WIFE: What are you doing?
ME: IT’S NOT WHAT IT LOOKS LIKE
WIFE: You’re giving the dog a manicure?
ME: No, technically this is a pedicure.
“What’s your name?”
“Who’s your daddy?”
“Is he rich like me?”These “reset your password” questions are getting kind of weird.
My dating profile says “Reduced for quick sale.”
Me: This relationship feels very transactional.
Cashier: You gonna buy the gum or what??
Me: Welcome back to Fishin’ with Jesus. We only caught two fish so far-
Jesus: [standing on water] Count those fish again *winks at camera*
I can never hear what my kids are up to while I’m in the shower so I just yell “HEY cut it out!” every 60 seconds and hope that keeps them in line
Someone claimed that their dog could retrieve a ball from up to a mile away, sounds a bit far fetched to me.
Magneto: Curses! How did you find my secret lair? Telepathy?
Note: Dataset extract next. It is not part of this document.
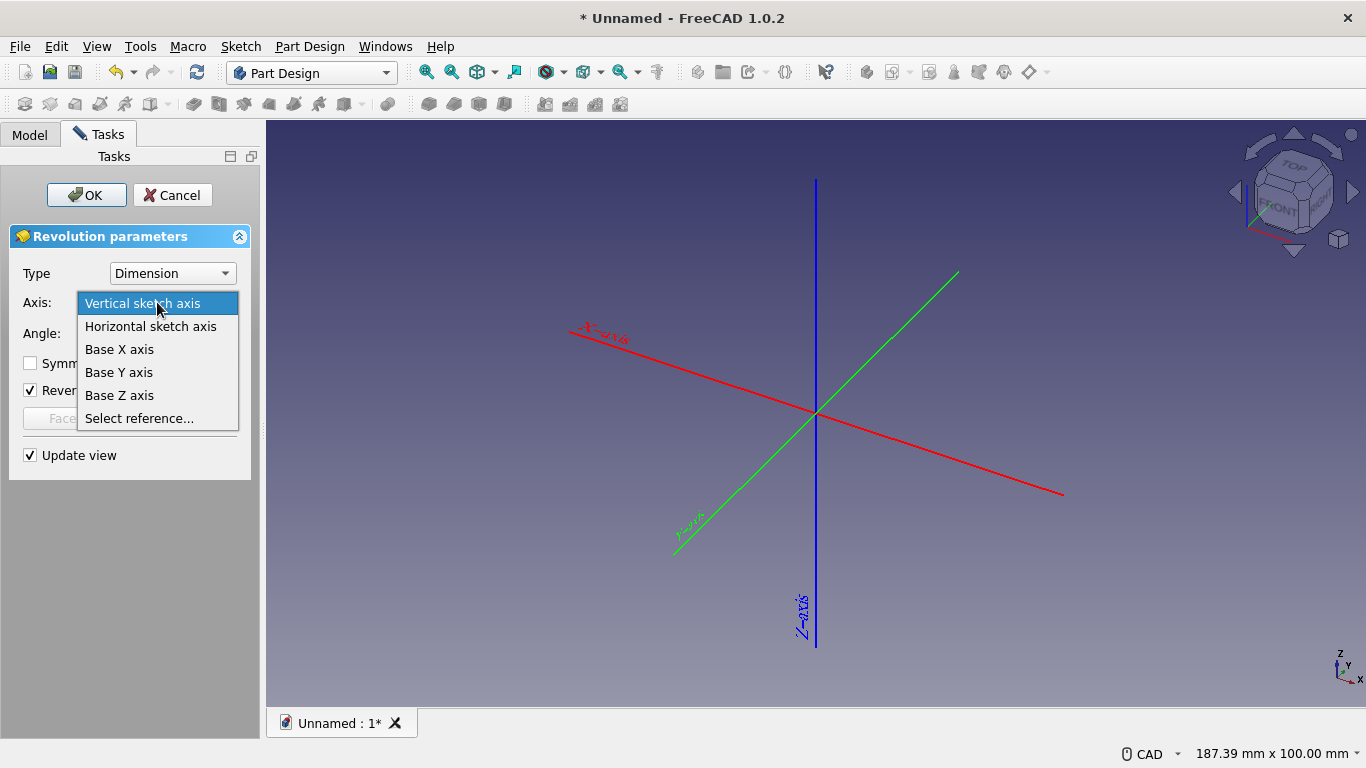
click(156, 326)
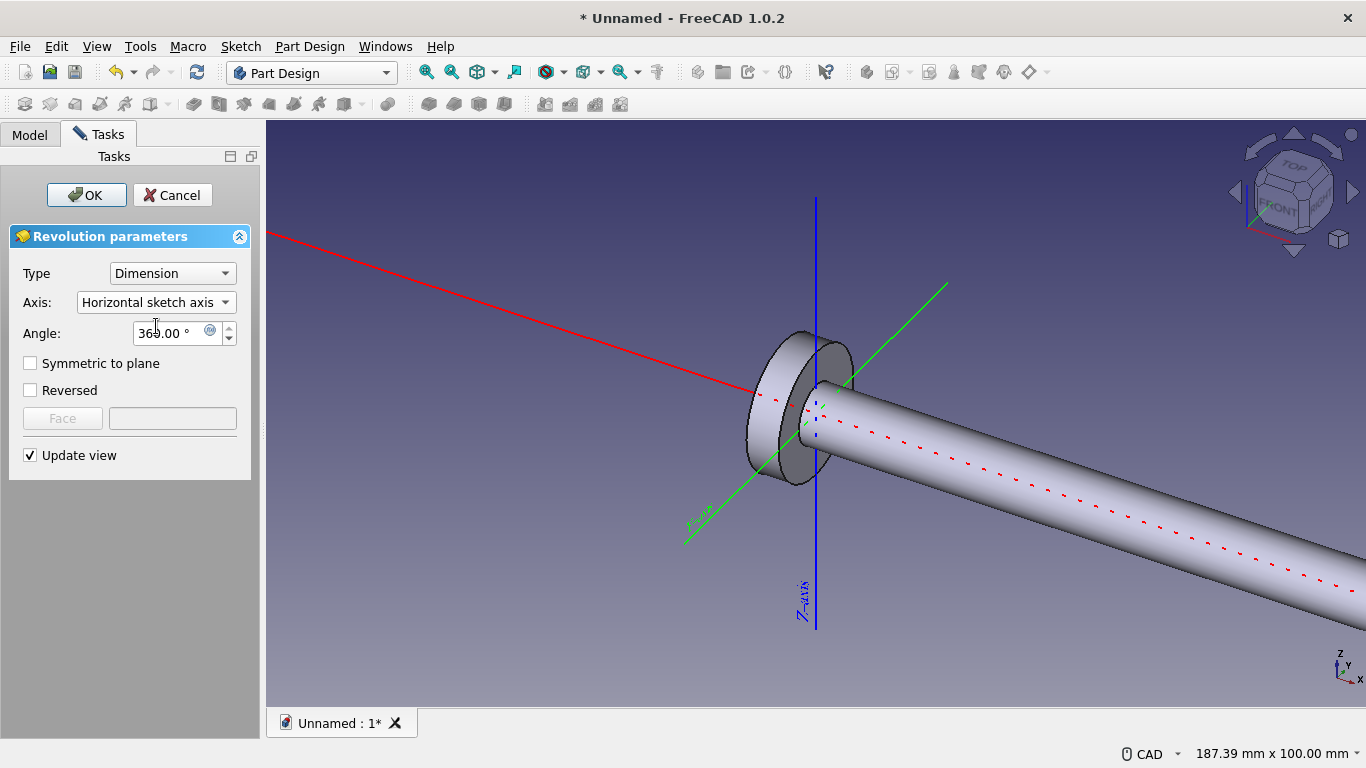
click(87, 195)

Satellites?
Wolverine: every compass in town is pointing at you, bro, how do you not know this
I bought a pregnancy test so the cashier who always serves me when I’m by myself in my pjs, buying ice-cream & chips, thinks I have sex.
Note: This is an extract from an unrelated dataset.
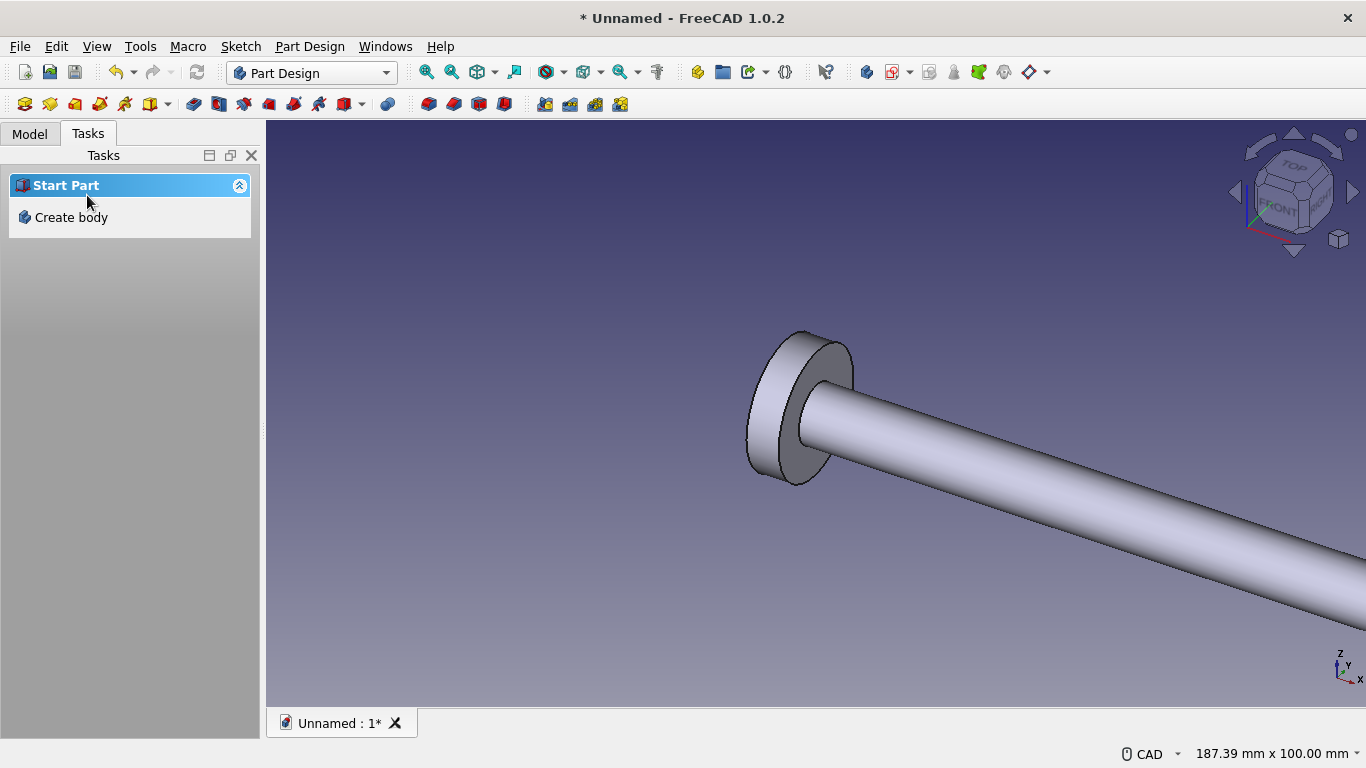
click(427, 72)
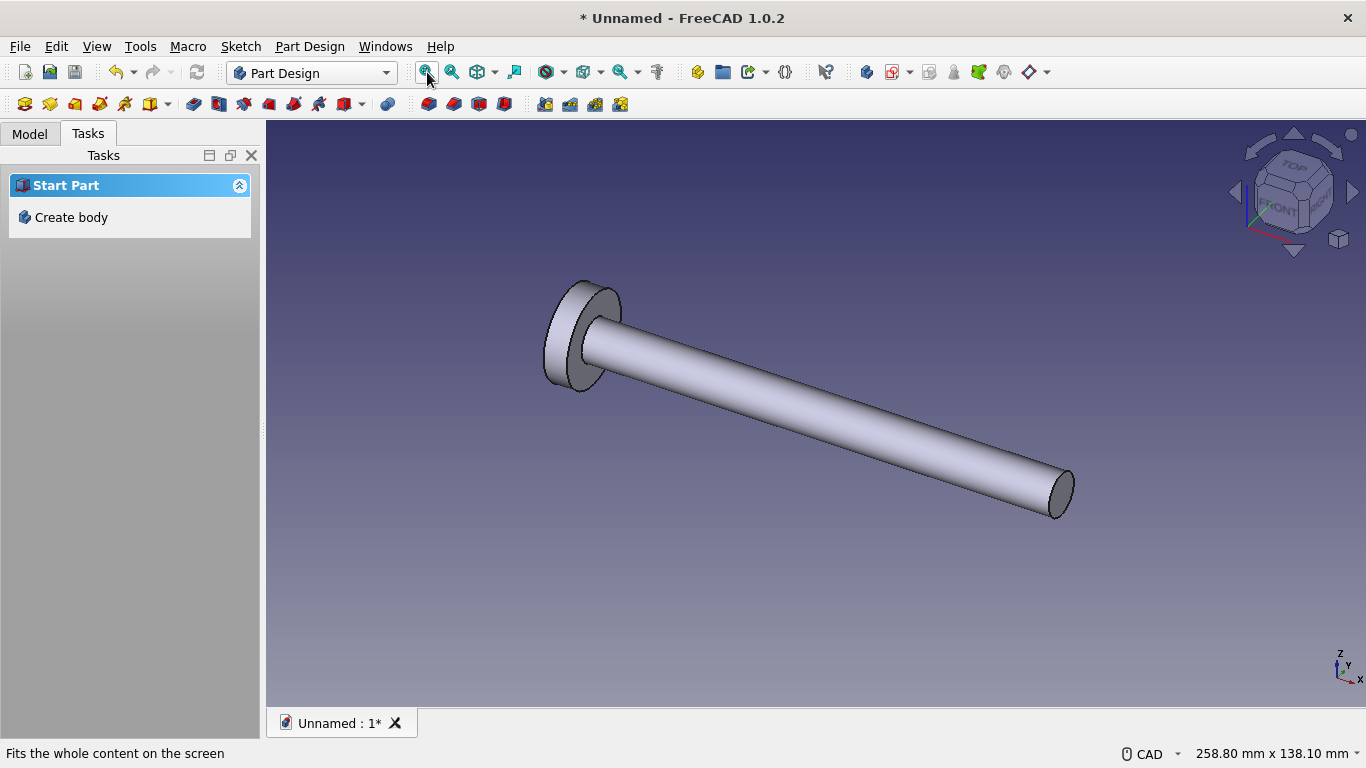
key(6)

Has anyone tried putting all the Wordle answers together to see if they spell out a warning
Husband and I reminiscing about the time I texted him on my way home:
“Can you start cooking those sausages?” Then added < 3 as a cute little heart.He cooked 2 sausages.
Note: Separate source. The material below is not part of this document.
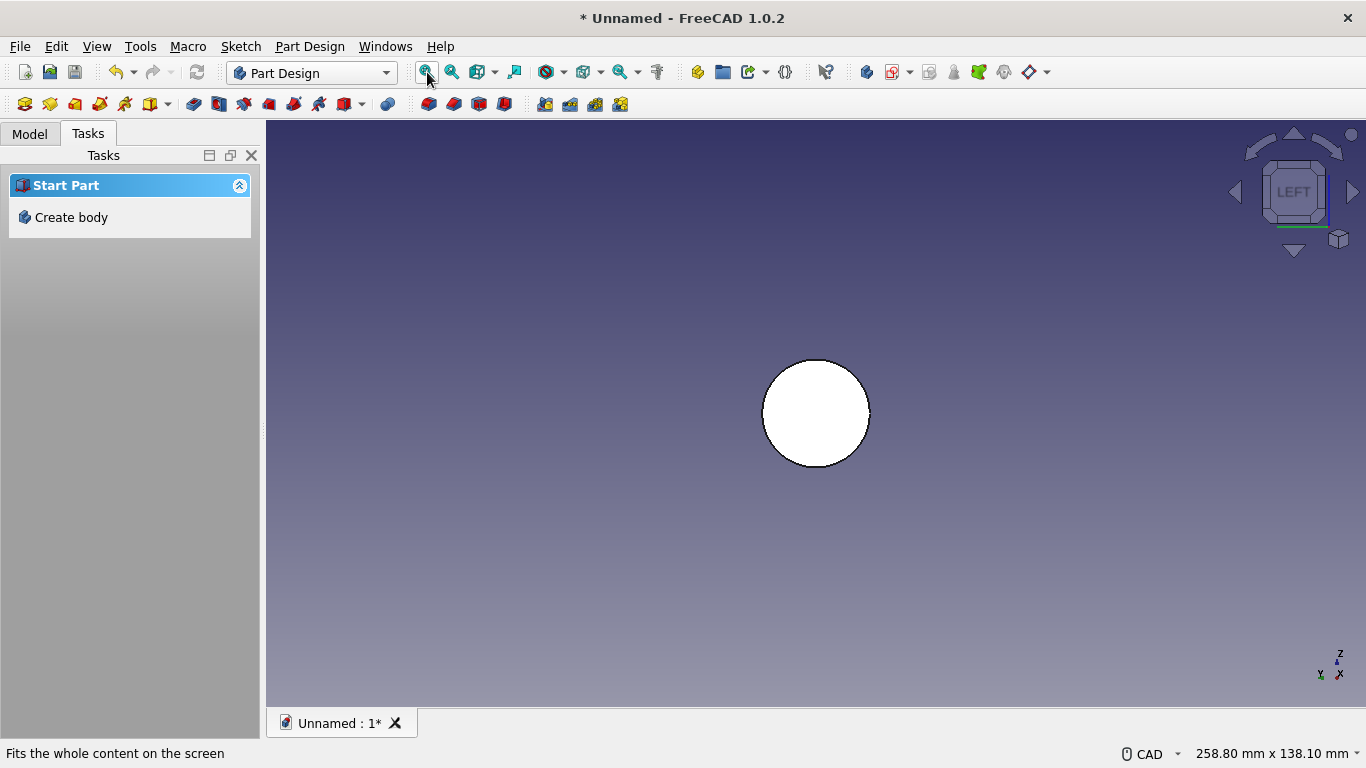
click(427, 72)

whenever i see sombody obsessively taking photos of the sunset, i go up to them & whisper “dont worry.. the sun is gonna come back tomorow”
Do people who get meal kits shipped to their home know they can have restaurants deliver food that’s already cooked?
I always keep my eyes closed if I get up in the night to use the bathroom because how else am I meant to stop the sleepiness from escaping?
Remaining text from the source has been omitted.